Prospero Fontana (1512 - 1597) was an Italian painter of the late Renaissance.
Biography
Fontana was born in
Bologna, and became a pupil of
Innocenzo da Imola. He afterwards worked for
Perin del Vaga in the Palazzo Doria in
Genoa. Towards 1550, it is reported that
Michelangelo introduced him to
Pope Julius III as a portrait-painter; and he was pensioned at the pontifical court. He later joined
Vasari's studio in Florence, and worked in frescoes at the
Palazzo Vecchio (1563-65). He is an early representative of the
Bolognese school of painting.
Sabbatini,
Sammachini and
Passerotti were three of his principal pupils or colleagues. His daughter,
Lavinia Fontana, was also a prominent painter of mostly conventional religious canvases.
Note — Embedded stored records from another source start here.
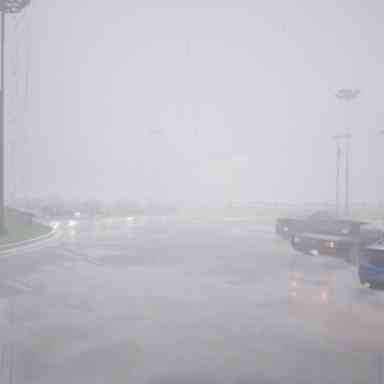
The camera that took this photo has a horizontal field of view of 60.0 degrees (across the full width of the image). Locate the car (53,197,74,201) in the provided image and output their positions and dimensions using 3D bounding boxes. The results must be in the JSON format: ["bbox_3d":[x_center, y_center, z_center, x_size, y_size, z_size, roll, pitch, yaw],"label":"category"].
[{"bbox_3d":[-14.727,1.653,39.729,1.994,1.385,4.181,1,0,-37],"label":"car"}]

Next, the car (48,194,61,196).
[{"bbox_3d":[-24.247,1.337,58.995,2.150,2.045,5.566,1,0,-36],"label":"car"}]

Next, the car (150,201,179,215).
[{"bbox_3d":[-3.284,1.673,35.864,1.812,1.442,4.674,1,0,-36],"label":"car"}]

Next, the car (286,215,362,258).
[{"bbox_3d":[5.832,1.697,12.207,4.718,1.301,1.895,1,0,-36],"label":"car"}]

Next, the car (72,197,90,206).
[{"bbox_3d":[-19.576,1.671,58.468,1.812,1.442,4.674,1,0,-35],"label":"car"}]

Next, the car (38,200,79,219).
[{"bbox_3d":[-12.267,1.662,30.356,1.895,1.301,4.718,1,0,-36],"label":"car"}]

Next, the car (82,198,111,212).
[{"bbox_3d":[-12.186,1.595,42.211,1.882,1.535,5.008,1,0,-36],"label":"car"}]

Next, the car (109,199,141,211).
[{"bbox_3d":[-8.889,1.694,43.638,2.033,1.411,5.357,1,0,-36],"label":"car"}]

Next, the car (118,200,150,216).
[{"bbox_3d":[-6.657,1.623,34.553,1.837,1.490,4.892,1,0,-36],"label":"car"}]

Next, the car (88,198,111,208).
[{"bbox_3d":[-14.271,1.710,51.122,1.994,1.385,4.181,1,0,-36],"label":"car"}]

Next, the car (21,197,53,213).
[{"bbox_3d":[-17.649,1.565,37.804,1.837,1.490,4.892,1,0,-36],"label":"car"}]

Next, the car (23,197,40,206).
[{"bbox_3d":[-28.419,1.652,58.788,1.994,1.385,4.181,1,0,-36],"label":"car"}]

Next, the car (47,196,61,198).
[{"bbox_3d":[-20.562,1.652,47.858,1.994,1.385,4.181,1,0,-35],"label":"car"}]

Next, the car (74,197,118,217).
[{"bbox_3d":[-9.518,1.581,32.533,2.128,1.511,4.902,1,0,-36],"label":"car"}]

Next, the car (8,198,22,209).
[{"bbox_3d":[-23.608,1.551,46.083,2.128,1.511,4.902,1,0,-36],"label":"car"}]

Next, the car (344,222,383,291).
[{"bbox_3d":[6.009,1.555,8.036,5.008,1.535,1.882,1,0,-36],"label":"car"}]

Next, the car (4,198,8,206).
[{"bbox_3d":[-30.391,1.623,55.531,1.994,1.385,4.181,1,0,-35],"label":"car"}]

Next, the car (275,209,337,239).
[{"bbox_3d":[6.375,1.599,16.897,5.008,1.535,1.882,1,0,-36],"label":"car"}]

Returning to Bologna, after doing some work in Fontainebleau (France) and in Genoa, he opened a school of art, in which he became briefly the preceptor of Lodovico and Agostino Carracci. He has left a large quantity of work in Bologna. His altarpiece of the Adoration of the Magi, in the church of Santa Maria delle Grazie, being considered his masterpiece. It is not unlike the style of Paul Veronese. He died in Rome in 1597.